僕らが紡ぐ、不可思議な話。

 自分の兄が死ぬことを想像して、あんな傷ついたような目をしたのかもしれない。
 そういうことだとひとり勝手に納得して、湊はまた開いてる窓を探す作業に戻った。

 もう雨も止み、かれこれ二時間が経った。
 湊は、はあああっと耳を抑えしゃがみこむ。
「どうした」
「いや、ずっと高橋くんの声が一定のペースで聞こえてくるんで……耳がおかしくなるかと」
「なるほど」
 そして今気づいたこと。
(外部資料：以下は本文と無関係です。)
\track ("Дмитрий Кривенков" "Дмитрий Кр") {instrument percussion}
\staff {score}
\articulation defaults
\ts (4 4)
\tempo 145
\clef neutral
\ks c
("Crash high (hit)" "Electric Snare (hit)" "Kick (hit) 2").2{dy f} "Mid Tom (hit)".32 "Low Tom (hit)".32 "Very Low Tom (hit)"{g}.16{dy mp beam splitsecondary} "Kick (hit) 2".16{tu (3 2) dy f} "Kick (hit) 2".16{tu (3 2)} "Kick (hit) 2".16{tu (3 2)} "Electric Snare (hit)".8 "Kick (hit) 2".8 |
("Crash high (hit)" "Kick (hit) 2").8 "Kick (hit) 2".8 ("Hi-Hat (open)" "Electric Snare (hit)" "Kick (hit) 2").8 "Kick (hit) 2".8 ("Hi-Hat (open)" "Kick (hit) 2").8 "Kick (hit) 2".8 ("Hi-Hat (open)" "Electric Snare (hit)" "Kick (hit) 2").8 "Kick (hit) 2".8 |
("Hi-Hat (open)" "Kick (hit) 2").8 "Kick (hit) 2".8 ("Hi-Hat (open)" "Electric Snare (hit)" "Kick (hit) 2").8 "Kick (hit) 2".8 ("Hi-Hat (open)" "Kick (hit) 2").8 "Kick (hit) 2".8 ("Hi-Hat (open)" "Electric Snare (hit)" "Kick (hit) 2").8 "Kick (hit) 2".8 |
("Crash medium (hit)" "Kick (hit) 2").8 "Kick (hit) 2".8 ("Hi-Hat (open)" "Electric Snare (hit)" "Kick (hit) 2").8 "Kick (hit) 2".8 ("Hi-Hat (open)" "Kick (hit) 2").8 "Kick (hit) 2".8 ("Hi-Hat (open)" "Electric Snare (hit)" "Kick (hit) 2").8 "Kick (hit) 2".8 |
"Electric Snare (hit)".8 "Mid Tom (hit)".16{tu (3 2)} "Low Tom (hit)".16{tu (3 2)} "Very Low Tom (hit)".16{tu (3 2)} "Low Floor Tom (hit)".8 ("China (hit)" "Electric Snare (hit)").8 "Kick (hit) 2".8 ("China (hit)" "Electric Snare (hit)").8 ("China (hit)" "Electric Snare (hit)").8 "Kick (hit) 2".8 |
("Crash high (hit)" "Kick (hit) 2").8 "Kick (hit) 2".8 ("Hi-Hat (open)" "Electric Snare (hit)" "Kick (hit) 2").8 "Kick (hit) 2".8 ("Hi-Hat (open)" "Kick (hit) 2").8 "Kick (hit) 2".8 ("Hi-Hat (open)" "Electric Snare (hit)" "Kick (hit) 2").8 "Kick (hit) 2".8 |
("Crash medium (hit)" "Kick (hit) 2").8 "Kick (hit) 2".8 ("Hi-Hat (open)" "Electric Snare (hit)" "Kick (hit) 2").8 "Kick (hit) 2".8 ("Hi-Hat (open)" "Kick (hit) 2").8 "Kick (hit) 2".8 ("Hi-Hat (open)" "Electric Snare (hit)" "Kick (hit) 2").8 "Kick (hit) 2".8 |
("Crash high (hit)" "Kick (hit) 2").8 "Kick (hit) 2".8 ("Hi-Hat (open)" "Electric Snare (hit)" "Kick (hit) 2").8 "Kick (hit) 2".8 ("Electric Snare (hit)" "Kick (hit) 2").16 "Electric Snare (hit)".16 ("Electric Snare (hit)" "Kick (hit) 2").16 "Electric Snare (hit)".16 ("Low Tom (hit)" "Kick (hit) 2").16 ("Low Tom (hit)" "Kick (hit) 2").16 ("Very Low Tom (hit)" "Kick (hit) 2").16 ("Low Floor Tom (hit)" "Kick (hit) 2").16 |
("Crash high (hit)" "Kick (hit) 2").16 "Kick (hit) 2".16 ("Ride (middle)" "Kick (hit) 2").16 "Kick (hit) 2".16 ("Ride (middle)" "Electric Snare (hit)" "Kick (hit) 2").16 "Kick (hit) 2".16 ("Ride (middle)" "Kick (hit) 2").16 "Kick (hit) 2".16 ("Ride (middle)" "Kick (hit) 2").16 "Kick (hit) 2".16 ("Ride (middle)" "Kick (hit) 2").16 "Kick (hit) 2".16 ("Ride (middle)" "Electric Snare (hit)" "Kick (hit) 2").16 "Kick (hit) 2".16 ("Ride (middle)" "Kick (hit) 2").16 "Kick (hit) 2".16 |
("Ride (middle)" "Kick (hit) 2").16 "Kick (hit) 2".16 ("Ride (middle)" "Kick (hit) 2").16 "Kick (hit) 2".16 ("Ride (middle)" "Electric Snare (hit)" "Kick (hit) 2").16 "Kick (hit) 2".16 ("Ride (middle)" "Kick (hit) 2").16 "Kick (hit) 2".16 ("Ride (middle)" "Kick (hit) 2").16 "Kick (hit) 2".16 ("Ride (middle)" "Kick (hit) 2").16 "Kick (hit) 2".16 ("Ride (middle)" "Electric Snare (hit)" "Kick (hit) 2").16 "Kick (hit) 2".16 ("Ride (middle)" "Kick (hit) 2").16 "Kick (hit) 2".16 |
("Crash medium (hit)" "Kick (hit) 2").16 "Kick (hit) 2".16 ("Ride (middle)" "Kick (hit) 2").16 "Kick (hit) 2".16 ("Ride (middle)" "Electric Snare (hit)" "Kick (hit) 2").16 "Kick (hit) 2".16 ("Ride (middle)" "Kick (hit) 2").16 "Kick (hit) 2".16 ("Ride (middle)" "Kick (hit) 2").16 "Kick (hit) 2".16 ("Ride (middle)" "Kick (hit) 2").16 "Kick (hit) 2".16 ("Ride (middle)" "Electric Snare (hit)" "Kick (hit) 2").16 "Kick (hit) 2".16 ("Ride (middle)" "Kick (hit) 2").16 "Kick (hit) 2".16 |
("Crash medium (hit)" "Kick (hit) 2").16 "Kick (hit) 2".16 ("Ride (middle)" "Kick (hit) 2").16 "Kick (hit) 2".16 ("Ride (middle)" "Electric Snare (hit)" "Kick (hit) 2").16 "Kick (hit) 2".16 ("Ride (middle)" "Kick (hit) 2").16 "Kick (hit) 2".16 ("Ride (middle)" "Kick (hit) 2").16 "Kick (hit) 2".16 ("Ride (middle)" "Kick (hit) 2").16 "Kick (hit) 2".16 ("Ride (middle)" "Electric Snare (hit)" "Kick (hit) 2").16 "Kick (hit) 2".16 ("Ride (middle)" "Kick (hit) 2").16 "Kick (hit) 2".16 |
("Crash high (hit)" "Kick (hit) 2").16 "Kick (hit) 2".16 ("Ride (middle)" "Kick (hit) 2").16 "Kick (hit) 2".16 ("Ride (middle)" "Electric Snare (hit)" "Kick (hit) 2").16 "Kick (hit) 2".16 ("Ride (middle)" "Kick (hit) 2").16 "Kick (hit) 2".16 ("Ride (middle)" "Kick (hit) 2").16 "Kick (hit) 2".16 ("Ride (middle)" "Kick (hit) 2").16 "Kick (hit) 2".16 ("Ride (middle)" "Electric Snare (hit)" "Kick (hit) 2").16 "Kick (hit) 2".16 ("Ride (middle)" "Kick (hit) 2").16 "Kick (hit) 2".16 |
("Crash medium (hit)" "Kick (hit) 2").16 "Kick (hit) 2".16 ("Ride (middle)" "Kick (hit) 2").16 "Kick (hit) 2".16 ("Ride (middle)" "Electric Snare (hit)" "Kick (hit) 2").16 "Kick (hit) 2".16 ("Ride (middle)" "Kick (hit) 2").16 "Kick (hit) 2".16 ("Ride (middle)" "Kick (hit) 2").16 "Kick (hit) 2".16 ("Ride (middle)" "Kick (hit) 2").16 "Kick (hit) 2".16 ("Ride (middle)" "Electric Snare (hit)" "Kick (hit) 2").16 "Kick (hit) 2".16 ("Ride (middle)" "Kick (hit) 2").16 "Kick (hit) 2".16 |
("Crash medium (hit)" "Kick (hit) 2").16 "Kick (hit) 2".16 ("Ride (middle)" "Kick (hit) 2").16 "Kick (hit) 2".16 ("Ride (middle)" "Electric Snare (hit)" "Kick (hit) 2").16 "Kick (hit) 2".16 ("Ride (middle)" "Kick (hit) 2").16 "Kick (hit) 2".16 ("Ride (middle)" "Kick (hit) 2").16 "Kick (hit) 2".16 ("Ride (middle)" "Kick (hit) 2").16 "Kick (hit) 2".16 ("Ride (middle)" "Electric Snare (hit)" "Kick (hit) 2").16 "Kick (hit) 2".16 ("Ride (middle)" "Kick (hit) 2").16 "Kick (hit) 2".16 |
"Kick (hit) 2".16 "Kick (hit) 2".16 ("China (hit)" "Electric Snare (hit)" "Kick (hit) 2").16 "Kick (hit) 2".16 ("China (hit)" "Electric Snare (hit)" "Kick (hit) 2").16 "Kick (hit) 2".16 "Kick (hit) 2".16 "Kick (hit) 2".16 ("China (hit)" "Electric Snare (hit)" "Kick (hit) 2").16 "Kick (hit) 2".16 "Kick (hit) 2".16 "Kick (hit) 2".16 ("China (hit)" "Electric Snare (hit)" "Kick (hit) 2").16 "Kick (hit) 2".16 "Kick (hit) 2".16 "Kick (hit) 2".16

それは、きっと何らかの力で声は頭に直接語りかけてくるので、耳を抑えてもずっと聞こえてくると言うことだ。
「ちょっと……トイレ行ってきます……」
「あぁ」
 一階から脱出出来ないのは変わりなく、今は下駄箱近くをさまよっている。湊は伊吹から離れトイレへと向かった。
 長時間の探索の疲れの所為か、二人とも忘れていた。湊が“怪異に気に入られている”ということを。
(ふぅ……ずっと立ちっぱなしで疲れた)
 湊は腕をのばしながらトイレへ向かう。別に用を足したい訳ではなく、足が限界だったため、少し休憩したかった。